Офицеры сидели в небольшой соседней комнатке домика, где и жил капитан, и пили ароматный чай с маковыми баранками. На столе стояла посудина с тёмным каштановым мёдом, и Лёшка время от времени нырял туда небольшой серебряной ложечкой. Александр Павлович же любил пить чаи без всего, дабы не перебивать их благородный, чистый вкус всякими другими прикусками, как он сам только что и выразился. Ну-у, за исключением разве что баранок.
— Белозёрский, Лёш, был серьёзно ранен в поиске. Его, всего изрубленного, сказывают, в госпиталь привезли, ну а дальше уж я его судьбу-то и не ведаю, — развёл руками капитан. — У меня тогда, понимаешь, очень непростое время было, пока вот что-то, как сейчас, не определилось. Жив будет, глядишь, еще и повидаем повесу. А сам-то ты ведь тоже сильно пораненный был. Наслышан, как же, весьма наслышан я о твоём подвиге. Во-от уже — капитан-поручик, к Георгию представлен за примерную храбрость. Признаюсь, Алексей, хотел было я к тебе зайти, да думал, а вдруг ты не признаешь меня, всё-таки в таком интересном месте нам с тобой довелось познакомиться.
— Алекса-андр Па-авлович! Плохо же вы обо мне думаете, — покачал головой Егоров. — Мы чай с вами из одной кружки воду в подвале пили, хлеб за одним столом преломляли. В такие непростые недели сколько по душам переговорили?
— Ладно, ладно! — махнул рукой Рогозин. — Вижу, что не зазнался. Ну, сказывай давай, зачем сюда пришёл? Вижу ведь, что не ко мне лично шёл, а интенданта вещевого искал.
— Это да, искал, — согласился с ним Алексей, отодвигая от себя пустую чайную чашку. — Поизносились мои ребятки в боях, Александр Павлович, нам ведь, егерям, по лесам, по кустам, по этому коряжнику да по оврагам приходится всё больше бегать, а сколько ещё на пузе ползать! Все мундиры у солдат истрепались, а по срокам их ещё носить и носить, не наштопаешься. Но вы не подумайте чего, я вас подвести не хочу, и так вон всё непросто в этом вашем интендантском деле.
— Тише, тише, успокойся, Лёш! — остановил его Александр Павлович. — Ты не спеши! Бумагу небось на потребность составил? Вижу, во-он она, возле тебя лежит. Ну, вот ты дай ей сейчас законный ход в нашем главном интендантстве, а уж дальше то моё дело будет, как и чем там тебе помочь. Расскажи лучше про осаду Силистрии и про тот бой с отборной Стамбульской армией Нуман-паши?
* * *
Алексей шёл по улицам Бухареста довольный. Можно было не сомневаться, уж Рогозин-то сумеет ему помочь. Очень опытным и умным тыловиком был Александр Павлович, да и человеком он, как видно, был неплохим.
— Ну, уж во всяком случае для меня, — хмыкнул Лёшка и зашагал бодрее в сторону главного бухарестского рынка.

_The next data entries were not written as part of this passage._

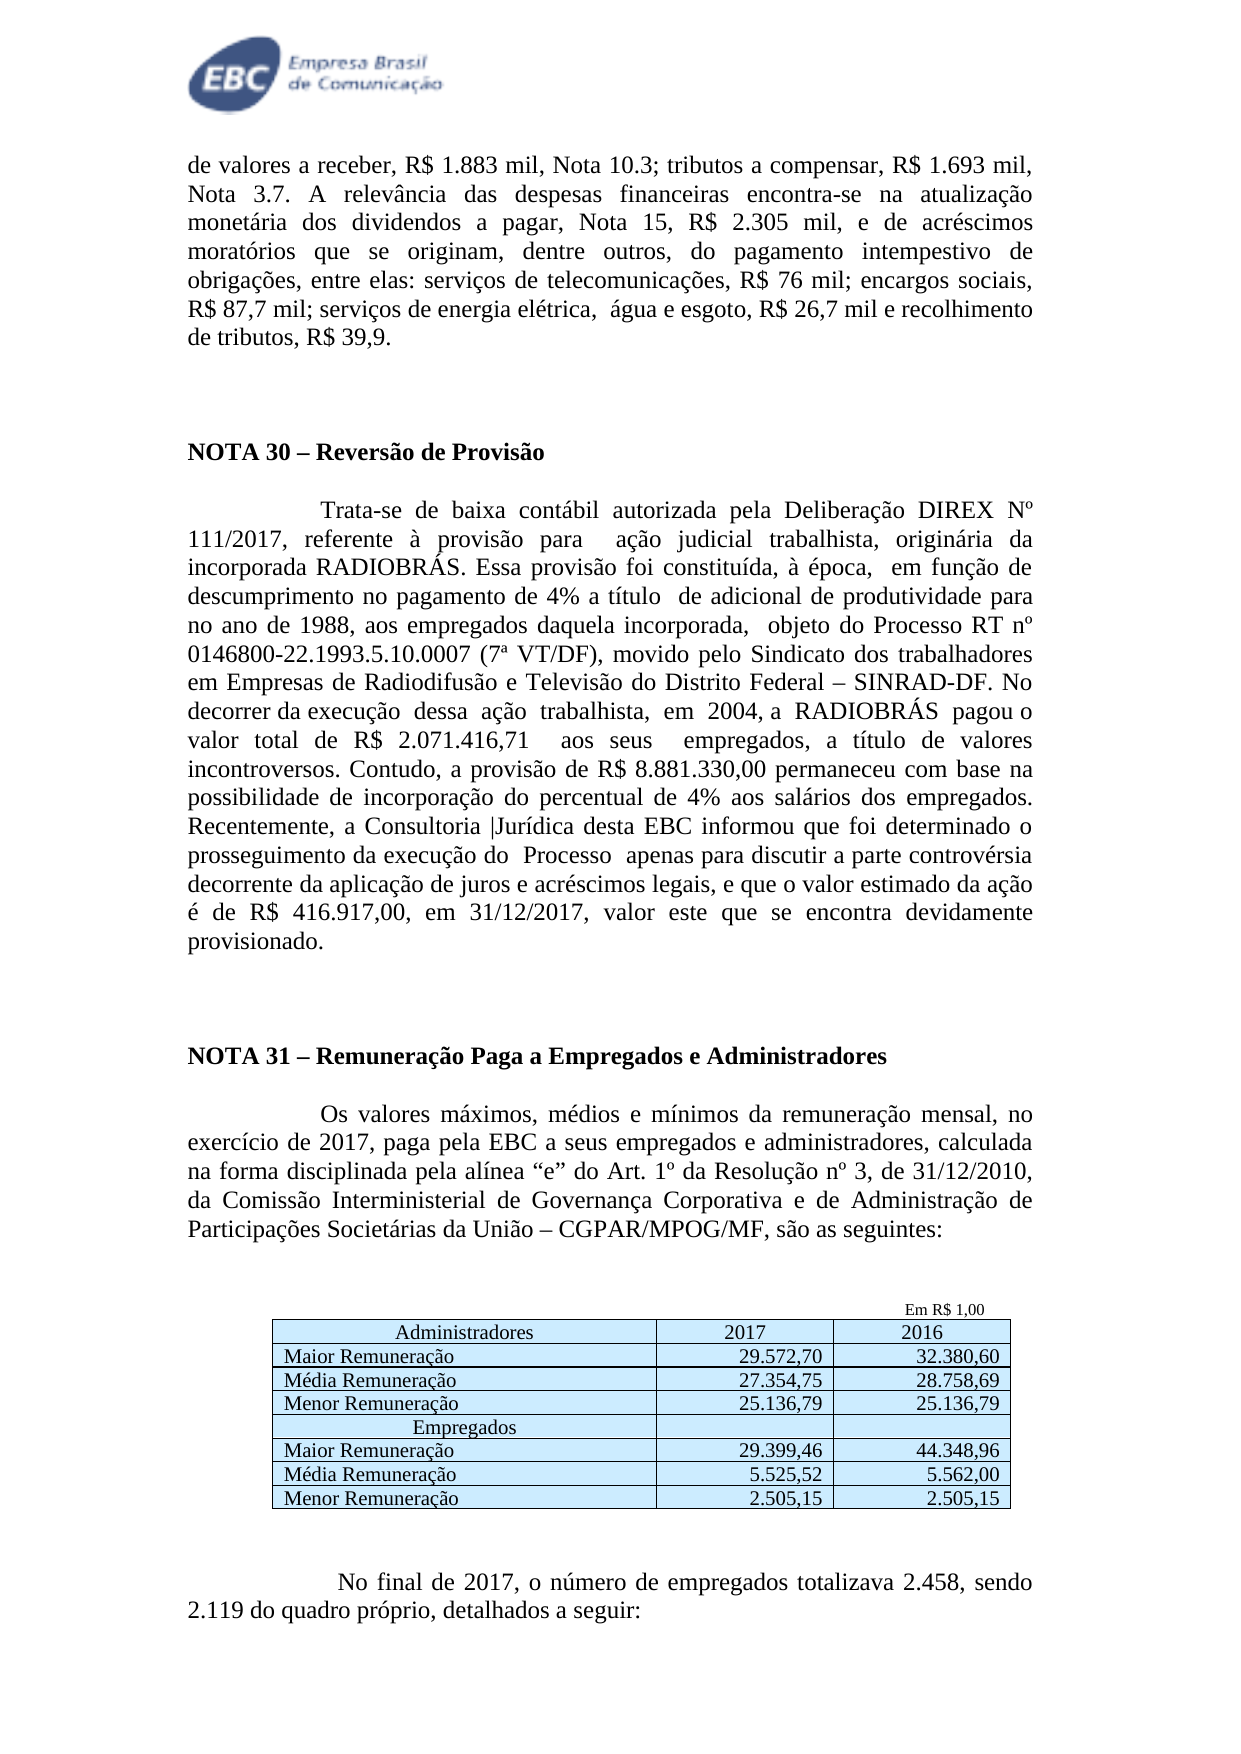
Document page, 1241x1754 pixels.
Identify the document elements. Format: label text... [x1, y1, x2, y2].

table_cell 5.525,52 [657, 1462, 833, 1485]
table_cell 32.380,60 [834, 1344, 1010, 1366]
table_cell 44.348,96 [834, 1439, 1010, 1461]
table_header Administradores [273, 1320, 656, 1343]
table_cell Maior Remuneração [273, 1439, 656, 1461]
table_cell Média Remuneração [273, 1462, 656, 1485]
table_cell [834, 1415, 1010, 1437]
table_cell 28.758,69 [834, 1368, 1010, 1390]
text NOTA 31 – Remuneração Paga a Empregados e Administradores [187, 1041, 1034, 1070]
text Trata-se de baixa contábil autorizada pela Deliberação DIREX Nº 111/2017, referente à provisão para ação judicial trabalhista, originária da incorporada RADIOBRÁS. Essa provisão foi constituída, à época, em função de descumprimento no pagamento de 4% a título de adicional de produtividade para no ano de 1988, aos empregados daquela incorporada, objeto do Processo RT nº 0146800-22.1993.5.10.0007 (7ª VT/DF), movido pelo Sindicato dos trabalhadores em Empresas de Radiodifusão e Televisão do Distrito Federal – SINRAD-DF. No decorrer da execução dessa ação trabalhista, em 2004, a RADIOBRÁS pagou o valor total de R$ 2.071.416,71 aos seus empregados, a título de valores incontroversos. Contudo, a provisão de R$ 8.881.330,00 permaneceu com base na possibilidade de incorporação do percentual de 4% aos salários dos empregados. Recentemente, a Consultoria |Jurídica desta EBC informou que foi determinado o prosseguimento da execução do Processo apenas para discutir a parte controvérsia decorrente da aplicação de juros e acréscimos legais, e que o valor estimado da ação é de R$ 416.917,00, em 31/12/2017, valor este que se encontra devidamente provisionado. [187, 495, 1034, 955]
table_cell Empregados [273, 1415, 656, 1437]
table_cell Menor Remuneração [273, 1486, 656, 1508]
table_cell 29.399,46 [657, 1439, 833, 1461]
table_cell 27.354,75 [657, 1368, 833, 1390]
text Os valores máximos, médios e mínimos da remuneração mensal, no exercício de 2017, paga pela EBC a seus empregados e administradores, calculada na forma disciplinada pela alínea “e” do Art. 1º da Resolução nº 3, de 31/12/2010, da Comissão Interministerial de Governança Corporativa e de Administração de Participações Societárias da União – CGPAR/MPOG/MF, são as seguintes: [187, 1099, 1034, 1242]
table_cell 25.136,79 [657, 1391, 833, 1414]
table_cell Menor Remuneração [273, 1391, 656, 1414]
table_header 2016 [834, 1320, 1010, 1343]
table_cell Maior Remuneração [273, 1344, 656, 1366]
text NOTA 30 – Reversão de Provisão [187, 437, 1034, 466]
table_cell 2.505,15 [657, 1486, 833, 1508]
table_cell 25.136,79 [834, 1391, 1010, 1414]
table_cell 29.572,70 [657, 1344, 833, 1366]
table_header 2017 [657, 1320, 833, 1343]
table_cell Média Remuneração [273, 1368, 656, 1390]
text No final de 2017, o número de empregados totalizava 2.458, sendo 2.119 do quadro próprio, detalhados a seguir: [187, 1567, 1034, 1624]
table_cell [657, 1415, 833, 1437]
table_cell 5.562,00 [834, 1462, 1010, 1485]
text de valores a receber, R$ 1.883 mil, Nota 10.3; tributos a compensar, R$ 1.693 mil, Nota 3.7. A relevância das despesas financeiras encontra-se na atualização monetária dos dividendos a pagar, Nota 15, R$ 2.305 mil, e de acréscimos moratórios que se originam, dentre outros, do pagamento intempestivo de obrigações, entre elas: serviços de telecomunicações, R$ 76 mil; encargos sociais, R$ 87,7 mil; serviços de energia elétrica, água e esgoto, R$ 26,7 mil e recolhimento de tributos, R$ 39,9. [187, 150, 1034, 351]
text Em R$ 1,00 [187, 1300, 984, 1319]
table_cell 2.505,15 [834, 1486, 1010, 1508]
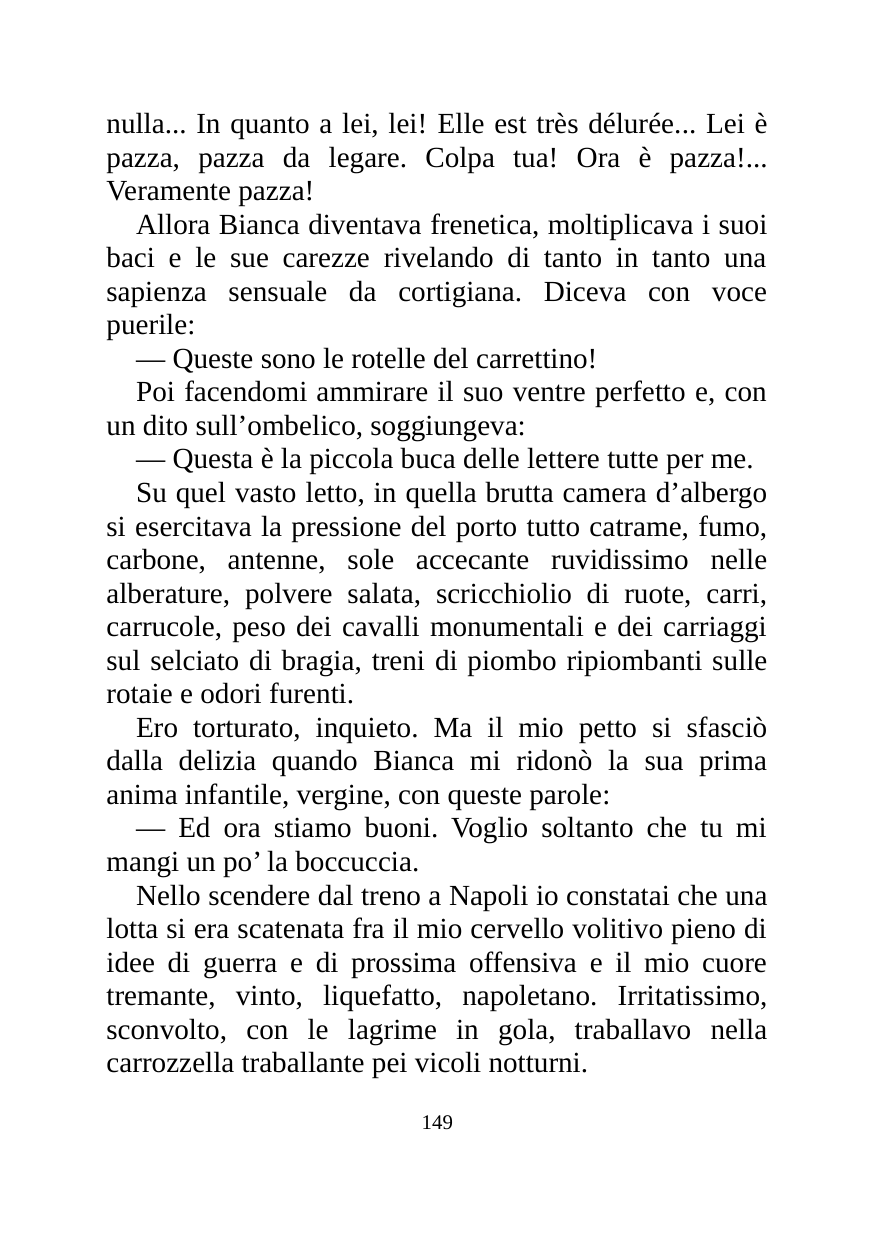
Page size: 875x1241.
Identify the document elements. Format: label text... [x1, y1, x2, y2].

text Su quel vasto letto, in quella brutta camera d’albergo si esercitava la pressione del porto tutto catrame, fumo, carbone, antenne, sole accecante ruvidissimo nelle alberature, polvere salata, scricchiolio di ruote, carri, carrucole, peso dei cavalli monumentali e dei carriaggi sul selciato di bragia, treni di piombo ripiombanti sulle rotaie e odori furenti. [106, 475, 768, 710]
text Allora Bianca diventava frenetica, moltiplicava i suoi baci e le sue carezze rivelando di tanto in tanto una sapienza sensuale da cortigiana. Diceva con voce puerile: [106, 207, 768, 341]
text Nello scendere dal treno a Napoli io constatai che una lotta si era scatenata fra il mio cervello volitivo pieno di idee di guerra e di prossima offensiva e il mio cuore tremante, vinto, liquefatto, napoletano. Irritatissimo, sconvolto, con le lagrime in gola, traballavo nella carrozzella traballante pei vicoli notturni. [106, 878, 768, 1079]
text — Ed ora stiamo buoni. Voglio soltanto che tu mi mangi un po’ la boccuccia. [106, 811, 768, 878]
text Ero torturato, inquieto. Ma il mio petto si sfasciò dalla delizia quando Bianca mi ridonò la sua prima anima infantile, vergine, con queste parole: [106, 710, 768, 811]
text — Questa è la piccola buca delle lettere tutte per me. [106, 442, 768, 475]
text — Queste sono le rotelle del carrettino! [106, 341, 768, 374]
text nulla... In quanto a lei, lei! Elle est très délurée... Lei è pazza, pazza da legare. Colpa tua! Ora è pazza!... Veramente pazza! [106, 106, 768, 207]
text Poi facendomi ammirare il suo ventre perfetto e, con un dito sull’ombelico, soggiungeva: [106, 374, 768, 442]
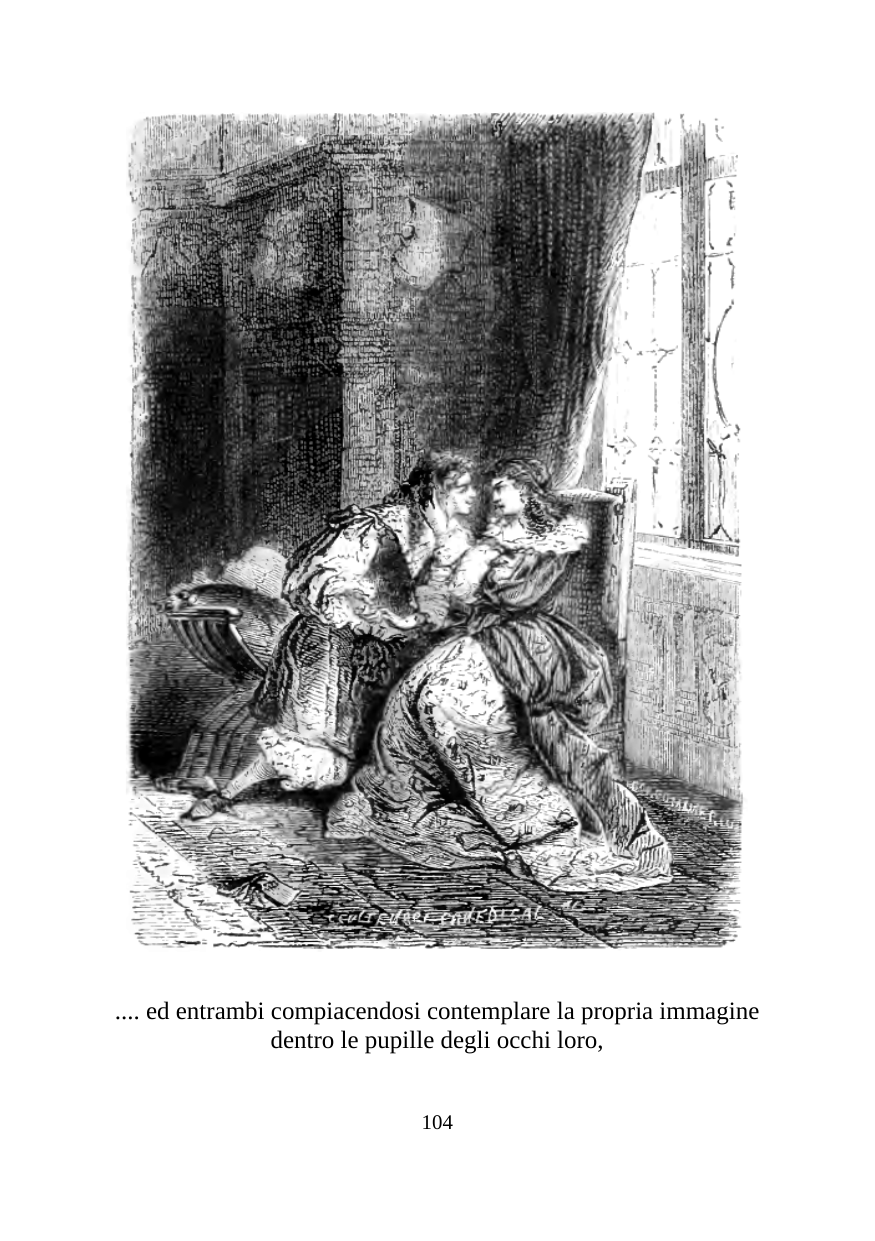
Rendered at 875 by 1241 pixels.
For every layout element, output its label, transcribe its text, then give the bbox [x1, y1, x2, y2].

picture [125, 112, 749, 952]
table_cell .... ed entrambi compiacendosi contemplare la propria immagine dentro le pupille degli occhi loro, [106, 991, 768, 1059]
table_header [106, 106, 768, 991]
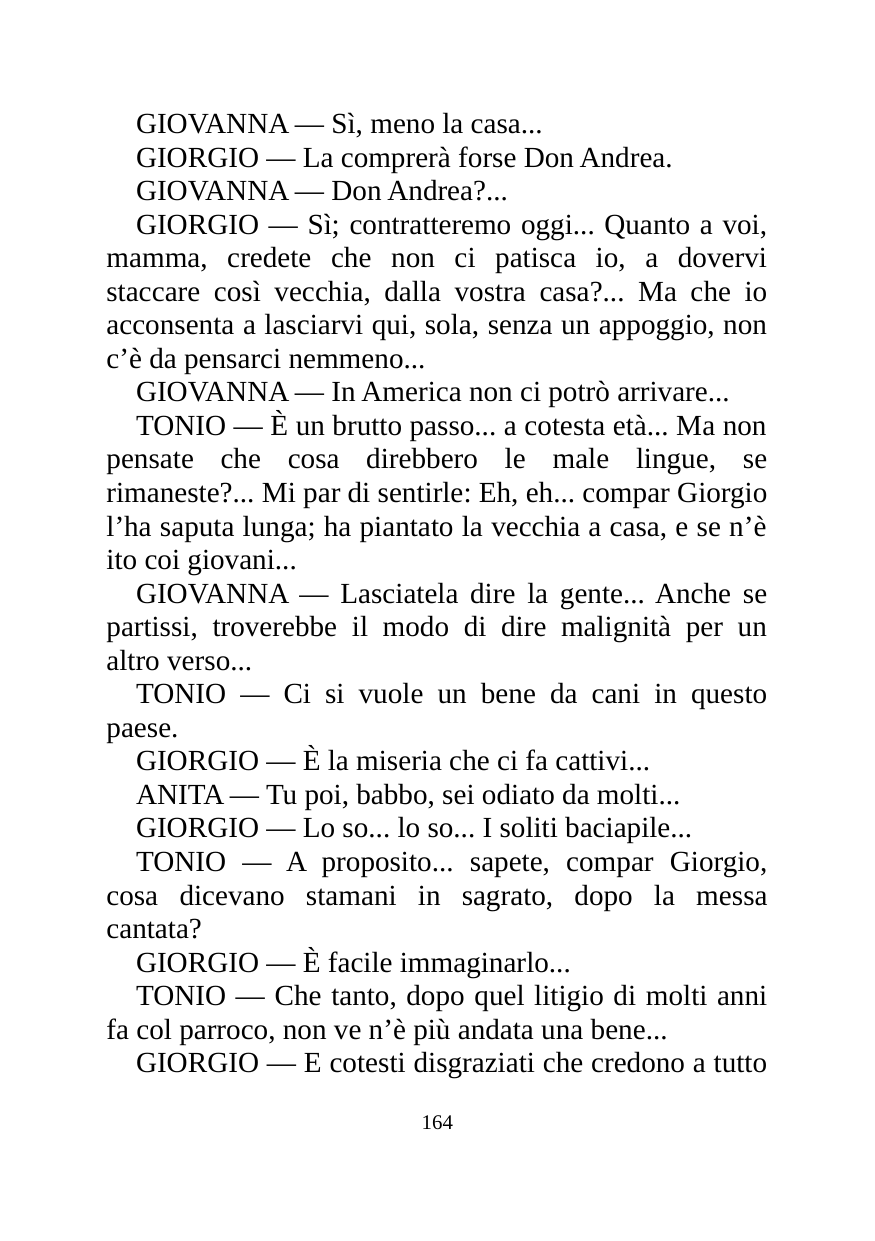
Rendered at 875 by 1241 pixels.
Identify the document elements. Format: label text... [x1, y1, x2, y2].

text ANITA — Tu poi, babbo, sei odiato da molti... [106, 777, 768, 811]
text GIOVANNA — Sì, meno la casa... [106, 106, 768, 140]
text GIORGIO — E cotesti disgraziati che credono a tutto [106, 1045, 768, 1079]
text GIORGIO — La comprerà forse Don Andrea. [106, 140, 768, 173]
text GIOVANNA — Don Andrea?... [106, 173, 768, 207]
text GIOVANNA — In America non ci potrò arrivare... [106, 374, 768, 408]
text GIOVANNA — Lasciatela dire la gente... Anche se partissi, troverebbe il modo di dire malignità per un altro verso... [106, 576, 768, 676]
text GIORGIO — Sì; contratteremo oggi... Quanto a voi, mamma, credete che non ci patisca io, a dovervi staccare così vecchia, dalla vostra casa?... Ma che io acconsenta a lasciarvi qui, sola, senza un appoggio, non c’è da pensarci nemmeno... [106, 207, 768, 374]
text TONIO — Ci si vuole un bene da cani in questo paese. [106, 676, 768, 743]
text TONIO — Che tanto, dopo quel litigio di molti anni fa col parroco, non ve n’è più andata una bene... [106, 978, 768, 1045]
text GIORGIO — È la miseria che ci fa cattivi... [106, 743, 768, 777]
text TONIO — A proposito... sapete, compar Giorgio, cosa dicevano stamani in sagrato, dopo la messa cantata? [106, 844, 768, 945]
text TONIO — È un brutto passo... a cotesta età... Ma non pensate che cosa direbbero le male lingue, se rimaneste?... Mi par di sentirle: Eh, eh... compar Giorgio l’ha saputa lunga; ha piantato la vecchia a casa, e se n’è ito coi giovani... [106, 408, 768, 576]
text GIORGIO — Lo so... lo so... I soliti baciapile... [106, 811, 768, 844]
text GIORGIO — È facile immaginarlo... [106, 945, 768, 978]

Вот и спуск в знакомый подвал под цирюльней. Тяжёлая дверь подалась вовнутрь, и перед Лёшкой предстала затемнённая лавка, традиционно слегка освещаемая лишь стоявшим на прилавке небольшим масляным светильником да сальной свечой, горевшей на столе в самой глубине комнаты.
— Алексей Петрович! Господин офице-ер! Я таки дождался вас, а мне ведь сказали эти глупые люди, что вы были совсем плохи после таких тяжёлых боёв за Дунаем! — Старый еврей засеменил к Лёшке от столика. — Проходите, проходите скорее в комнату и садитесь на своё лучшее кресло!
Меняла закрыл дверь на оба массивных засова и обернулся к посетителю.
— Прошу Вас меня простить, но я даже не могу себе позволить натопить печку летом, и в моей скромной лавке даже в жарком августе царит вот такой мерзкий холод, — и он аж передёрнул своими худыми, покрытыми шалью плечами.
— Полноте, ну что вы такое говорите, Давид Соломонович? — улыбнулся Алексей. — В нынешний зной за пребывание в столь благостной прохладе вам с посетителей можно было бы даже и монетку брать. По сравнению с тем, что сейчас творится на улице, у вас здесь прямо-таки сущий рай!